■ **EXERCISE DETAILS**
Each entry should be restated word for word, with all pictures left out.

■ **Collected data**
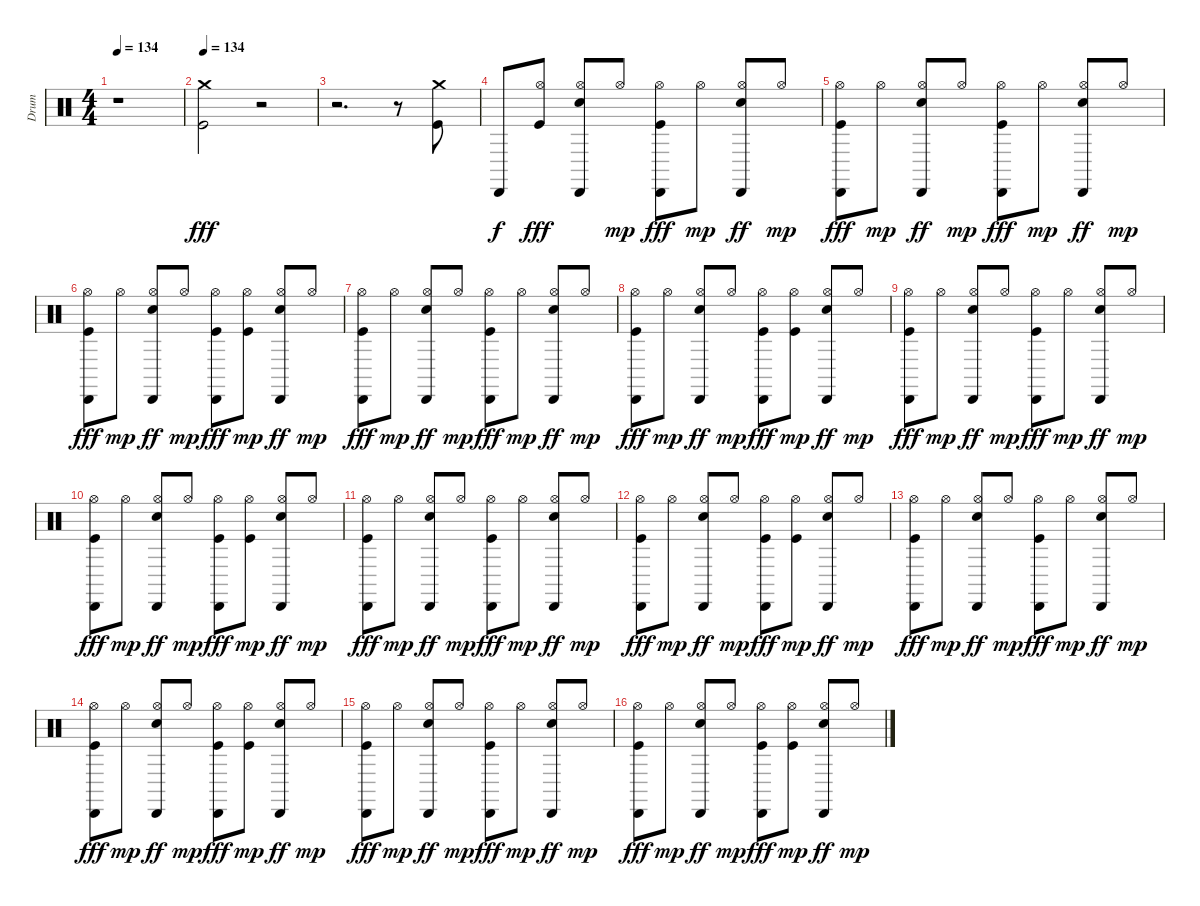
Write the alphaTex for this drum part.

\track ("Drum" "Drum") {instrument percussion}
\staff {score}
\articulation defaults
\ts (4 4)
\tempo 134
\tempo 67
\tempo 134
\clef neutral
\ks c
r.1{dy fff} |
\tempo 134
("Crash medium (hit)" "Kick (hit)").2 r.2 |
r.2{d} r.8 ("Kick (hit)" "Crash medium (hit)").8 |
"Cabasa (hit)".8{dy f} ("Hi-Hat (open)" "Kick (hit)").8{dy fff} ("Hi-Hat (open)" "Electric Snare (hit)" "Cabasa (hit)").8 "Hi-Hat (open)".8{dy mp} ("Kick (hit)" "Hi-Hat (open)" "Cabasa (hit)").8{dy fff} "Hi-Hat (open)".8{dy mp} ("Electric Snare (hit)" "Cabasa (hit)" "Hi-Hat (open)").8{dy ff} "Hi-Hat (open)".8{dy mp} |
("Kick (hit)" "Hi-Hat (open)" "Cabasa (hit)").8{dy fff} "Hi-Hat (open)".8{dy mp} ("Electric Snare (hit)" "Cabasa (hit)" "Hi-Hat (open)").8{dy ff} "Hi-Hat (open)".8{dy mp} ("Cabasa (hit)" "Kick (hit)" "Hi-Hat (open)").8{dy fff} "Hi-Hat (open)".8{dy mp} ("Cabasa (hit)" "Electric Snare (hit)" "Hi-Hat (open)").8{dy ff} "Hi-Hat (open)".8{dy mp} |
("Kick (hit)" "Hi-Hat (open)" "Cabasa (hit)").8{dy fff} "Hi-Hat (open)".8{dy mp} ("Electric Snare (hit)" "Cabasa (hit)" "Hi-Hat (open)").8{dy ff} "Hi-Hat (open)".8{dy mp} ("Cabasa (hit)" "Kick (hit)" "Hi-Hat (open)").8{dy fff} ("Kick (hit)" "Hi-Hat (open)").8{dy mp} ("Cabasa (hit)" "Electric Snare (hit)" "Hi-Hat (open)").8{dy ff} "Hi-Hat (open)".8{dy mp} |
("Kick (hit)" "Hi-Hat (open)" "Cabasa (hit)").8{dy fff} "Hi-Hat (open)".8{dy mp} ("Electric Snare (hit)" "Cabasa (hit)" "Hi-Hat (open)").8{dy ff} "Hi-Hat (open)".8{dy mp} ("Cabasa (hit)" "Kick (hit)" "Hi-Hat (open)").8{dy fff} "Hi-Hat (open)".8{dy mp} ("Cabasa (hit)" "Electric Snare (hit)" "Hi-Hat (open)").8{dy ff} "Hi-Hat (open)".8{dy mp} |
("Cabasa (hit)" "Kick (hit)" "Hi-Hat (open)").8{dy fff} "Hi-Hat (open)".8{dy mp} ("Cabasa (hit)" "Electric Snare (hit)" "Hi-Hat (open)").8{dy ff} "Hi-Hat (open)".8{dy mp} ("Cabasa (hit)" "Kick (hit)" "Hi-Hat (open)").8{dy fff} ("Kick (hit)" "Hi-Hat (open)").8{dy mp} ("Cabasa (hit)" "Electric Snare (hit)" "Hi-Hat (open)").8{dy ff} "Hi-Hat (open)".8{dy mp} |
("Cabasa (hit)" "Kick (hit)" "Hi-Hat (open)").8{dy fff} "Hi-Hat (open)".8{dy mp} ("Cabasa (hit)" "Electric Snare (hit)" "Hi-Hat (open)").8{dy ff} "Hi-Hat (open)".8{dy mp} ("Cabasa (hit)" "Kick (hit)" "Hi-Hat (open)").8{dy fff} "Hi-Hat (open)".8{dy mp} ("Cabasa (hit)" "Electric Snare (hit)" "Hi-Hat (open)").8{dy ff} "Hi-Hat (open)".8{dy mp} |
("Kick (hit)" "Hi-Hat (open)" "Cabasa (hit)").8{dy fff} "Hi-Hat (open)".8{dy mp} ("Electric Snare (hit)" "Cabasa (hit)" "Hi-Hat (open)").8{dy ff} "Hi-Hat (open)".8{dy mp} ("Cabasa (hit)" "Kick (hit)" "Hi-Hat (open)").8{dy fff} ("Kick (hit)" "Hi-Hat (open)").8{dy mp} ("Cabasa (hit)" "Electric Snare (hit)" "Hi-Hat (open)").8{dy ff} "Hi-Hat (open)".8{dy mp} |
("Kick (hit)" "Hi-Hat (open)" "Cabasa (hit)").8{dy fff} "Hi-Hat (open)".8{dy mp} ("Electric Snare (hit)" "Cabasa (hit)" "Hi-Hat (open)").8{dy ff} "Hi-Hat (open)".8{dy mp} ("Cabasa (hit)" "Kick (hit)" "Hi-Hat (open)").8{dy fff} "Hi-Hat (open)".8{dy mp} ("Cabasa (hit)" "Electric Snare (hit)" "Hi-Hat (open)").8{dy ff} "Hi-Hat (open)".8{dy mp} |
("Cabasa (hit)" "Kick (hit)" "Hi-Hat (open)").8{dy fff} "Hi-Hat (open)".8{dy mp} ("Cabasa (hit)" "Electric Snare (hit)" "Hi-Hat (open)").8{dy ff} "Hi-Hat (open)".8{dy mp} ("Cabasa (hit)" "Kick (hit)" "Hi-Hat (open)").8{dy fff} ("Kick (hit)" "Hi-Hat (open)").8{dy mp} ("Cabasa (hit)" "Electric Snare (hit)" "Hi-Hat (open)").8{dy ff} "Hi-Hat (open)".8{dy mp} |
("Kick (hit)" "Hi-Hat (open)" "Cabasa (hit)").8{dy fff} "Hi-Hat (open)".8{dy mp} ("Electric Snare (hit)" "Cabasa (hit)" "Hi-Hat (open)").8{dy ff} "Hi-Hat (open)".8{dy mp} ("Cabasa (hit)" "Kick (hit)" "Hi-Hat (open)").8{dy fff} "Hi-Hat (open)".8{dy mp} ("Cabasa (hit)" "Electric Snare (hit)" "Hi-Hat (open)").8{dy ff} "Hi-Hat (open)".8{dy mp} |
("Cabasa (hit)" "Kick (hit)" "Hi-Hat (open)").8{dy fff} "Hi-Hat (open)".8{dy mp} ("Cabasa (hit)" "Electric Snare (hit)" "Hi-Hat (open)").8{dy ff} "Hi-Hat (open)".8{dy mp} ("Cabasa (hit)" "Kick (hit)" "Hi-Hat (open)").8{dy fff} ("Kick (hit)" "Hi-Hat (open)").8{dy mp} ("Cabasa (hit)" "Electric Snare (hit)" "Hi-Hat (open)").8{dy ff} "Hi-Hat (open)".8{dy mp} |
("Kick (hit)" "Hi-Hat (open)" "Cabasa (hit)").8{dy fff} "Hi-Hat (open)".8{dy mp} ("Electric Snare (hit)" "Cabasa (hit)" "Hi-Hat (open)").8{dy ff} "Hi-Hat (open)".8{dy mp} ("Cabasa (hit)" "Kick (hit)" "Hi-Hat (open)").8{dy fff} "Hi-Hat (open)".8{dy mp} ("Cabasa (hit)" "Electric Snare (hit)" "Hi-Hat (open)").8{dy ff} "Hi-Hat (open)".8{dy mp} |
("Cabasa (hit)" "Kick (hit)" "Hi-Hat (open)").8{dy fff} "Hi-Hat (open)".8{dy mp} ("Cabasa (hit)" "Electric Snare (hit)" "Hi-Hat (open)").8{dy ff} "Hi-Hat (open)".8{dy mp} ("Cabasa (hit)" "Kick (hit)" "Hi-Hat (open)").8{dy fff} ("Kick (hit)" "Hi-Hat (open)").8{dy mp} ("Cabasa (hit)" "Electric Snare (hit)" "Hi-Hat (open)").8{dy ff} "Hi-Hat (open)".8{dy mp}

■ **WRITTEN RESPONSE**
Write the alphaTex for this drum part.

\track ("Drum" "Drum") {instrument percussion}
\staff {score}
\articulation defaults
\ts (4 4)
\tempo 134
\tempo 67
\tempo 134
\clef neutral
\ks c
r.1{dy fff} |
\tempo 134
("Crash medium (hit)" "Kick (hit)").2 r.2 |
r.2{d} r.8 ("Kick (hit)" "Crash medium (hit)").8 |
"Cabasa (hit)".8{dy f} ("Hi-Hat (open)" "Kick (hit)").8{dy fff} ("Hi-Hat (open)" "Electric Snare (hit)" "Cabasa (hit)").8 "Hi-Hat (open)".8{dy mp} ("Kick (hit)" "Hi-Hat (open)" "Cabasa (hit)").8{dy fff} "Hi-Hat (open)".8{dy mp} ("Electric Snare (hit)" "Cabasa (hit)" "Hi-Hat (open)").8{dy ff} "Hi-Hat (open)".8{dy mp} |
("Kick (hit)" "Hi-Hat (open)" "Cabasa (hit)").8{dy fff} "Hi-Hat (open)".8{dy mp} ("Electric Snare (hit)" "Cabasa (hit)" "Hi-Hat (open)").8{dy ff} "Hi-Hat (open)".8{dy mp} ("Cabasa (hit)" "Kick (hit)" "Hi-Hat (open)").8{dy fff} "Hi-Hat (open)".8{dy mp} ("Cabasa (hit)" "Electric Snare (hit)" "Hi-Hat (open)").8{dy ff} "Hi-Hat (open)".8{dy mp} |
("Kick (hit)" "Hi-Hat (open)" "Cabasa (hit)").8{dy fff} "Hi-Hat (open)".8{dy mp} ("Electric Snare (hit)" "Cabasa (hit)" "Hi-Hat (open)").8{dy ff} "Hi-Hat (open)".8{dy mp} ("Cabasa (hit)" "Kick (hit)" "Hi-Hat (open)").8{dy fff} ("Kick (hit)" "Hi-Hat (open)").8{dy mp} ("Cabasa (hit)" "Electric Snare (hit)" "Hi-Hat (open)").8{dy ff} "Hi-Hat (open)".8{dy mp} |
("Kick (hit)" "Hi-Hat (open)" "Cabasa (hit)").8{dy fff} "Hi-Hat (open)".8{dy mp} ("Electric Snare (hit)" "Cabasa (hit)" "Hi-Hat (open)").8{dy ff} "Hi-Hat (open)".8{dy mp} ("Cabasa (hit)" "Kick (hit)" "Hi-Hat (open)").8{dy fff} "Hi-Hat (open)".8{dy mp} ("Cabasa (hit)" "Electric Snare (hit)" "Hi-Hat (open)").8{dy ff} "Hi-Hat (open)".8{dy mp} |
("Cabasa (hit)" "Kick (hit)" "Hi-Hat (open)").8{dy fff} "Hi-Hat (open)".8{dy mp} ("Cabasa (hit)" "Electric Snare (hit)" "Hi-Hat (open)").8{dy ff} "Hi-Hat (open)".8{dy mp} ("Cabasa (hit)" "Kick (hit)" "Hi-Hat (open)").8{dy fff} ("Kick (hit)" "Hi-Hat (open)").8{dy mp} ("Cabasa (hit)" "Electric Snare (hit)" "Hi-Hat (open)").8{dy ff} "Hi-Hat (open)".8{dy mp} |
("Cabasa (hit)" "Kick (hit)" "Hi-Hat (open)").8{dy fff} "Hi-Hat (open)".8{dy mp} ("Cabasa (hit)" "Electric Snare (hit)" "Hi-Hat (open)").8{dy ff} "Hi-Hat (open)".8{dy mp} ("Cabasa (hit)" "Kick (hit)" "Hi-Hat (open)").8{dy fff} "Hi-Hat (open)".8{dy mp} ("Cabasa (hit)" "Electric Snare (hit)" "Hi-Hat (open)").8{dy ff} "Hi-Hat (open)".8{dy mp} |
("Kick (hit)" "Hi-Hat (open)" "Cabasa (hit)").8{dy fff} "Hi-Hat (open)".8{dy mp} ("Electric Snare (hit)" "Cabasa (hit)" "Hi-Hat (open)").8{dy ff} "Hi-Hat (open)".8{dy mp} ("Cabasa (hit)" "Kick (hit)" "Hi-Hat (open)").8{dy fff} ("Kick (hit)" "Hi-Hat (open)").8{dy mp} ("Cabasa (hit)" "Electric Snare (hit)" "Hi-Hat (open)").8{dy ff} "Hi-Hat (open)".8{dy mp} |
("Kick (hit)" "Hi-Hat (open)" "Cabasa (hit)").8{dy fff} "Hi-Hat (open)".8{dy mp} ("Electric Snare (hit)" "Cabasa (hit)" "Hi-Hat (open)").8{dy ff} "Hi-Hat (open)".8{dy mp} ("Cabasa (hit)" "Kick (hit)" "Hi-Hat (open)").8{dy fff} "Hi-Hat (open)".8{dy mp} ("Cabasa (hit)" "Electric Snare (hit)" "Hi-Hat (open)").8{dy ff} "Hi-Hat (open)".8{dy mp} |
("Cabasa (hit)" "Kick (hit)" "Hi-Hat (open)").8{dy fff} "Hi-Hat (open)".8{dy mp} ("Cabasa (hit)" "Electric Snare (hit)" "Hi-Hat (open)").8{dy ff} "Hi-Hat (open)".8{dy mp} ("Cabasa (hit)" "Kick (hit)" "Hi-Hat (open)").8{dy fff} ("Kick (hit)" "Hi-Hat (open)").8{dy mp} ("Cabasa (hit)" "Electric Snare (hit)" "Hi-Hat (open)").8{dy ff} "Hi-Hat (open)".8{dy mp} |
("Kick (hit)" "Hi-Hat (open)" "Cabasa (hit)").8{dy fff} "Hi-Hat (open)".8{dy mp} ("Electric Snare (hit)" "Cabasa (hit)" "Hi-Hat (open)").8{dy ff} "Hi-Hat (open)".8{dy mp} ("Cabasa (hit)" "Kick (hit)" "Hi-Hat (open)").8{dy fff} "Hi-Hat (open)".8{dy mp} ("Cabasa (hit)" "Electric Snare (hit)" "Hi-Hat (open)").8{dy ff} "Hi-Hat (open)".8{dy mp} |
("Cabasa (hit)" "Kick (hit)" "Hi-Hat (open)").8{dy fff} "Hi-Hat (open)".8{dy mp} ("Cabasa (hit)" "Electric Snare (hit)" "Hi-Hat (open)").8{dy ff} "Hi-Hat (open)".8{dy mp} ("Cabasa (hit)" "Kick (hit)" "Hi-Hat (open)").8{dy fff} ("Kick (hit)" "Hi-Hat (open)").8{dy mp} ("Cabasa (hit)" "Electric Snare (hit)" "Hi-Hat (open)").8{dy ff} "Hi-Hat (open)".8{dy mp} |
("Kick (hit)" "Hi-Hat (open)" "Cabasa (hit)").8{dy fff} "Hi-Hat (open)".8{dy mp} ("Electric Snare (hit)" "Cabasa (hit)" "Hi-Hat (open)").8{dy ff} "Hi-Hat (open)".8{dy mp} ("Cabasa (hit)" "Kick (hit)" "Hi-Hat (open)").8{dy fff} "Hi-Hat (open)".8{dy mp} ("Cabasa (hit)" "Electric Snare (hit)" "Hi-Hat (open)").8{dy ff} "Hi-Hat (open)".8{dy mp} |
("Cabasa (hit)" "Kick (hit)" "Hi-Hat (open)").8{dy fff} "Hi-Hat (open)".8{dy mp} ("Cabasa (hit)" "Electric Snare (hit)" "Hi-Hat (open)").8{dy ff} "Hi-Hat (open)".8{dy mp} ("Cabasa (hit)" "Kick (hit)" "Hi-Hat (open)").8{dy fff} ("Kick (hit)" "Hi-Hat (open)").8{dy mp} ("Cabasa (hit)" "Electric Snare (hit)" "Hi-Hat (open)").8{dy ff} "Hi-Hat (open)".8{dy mp}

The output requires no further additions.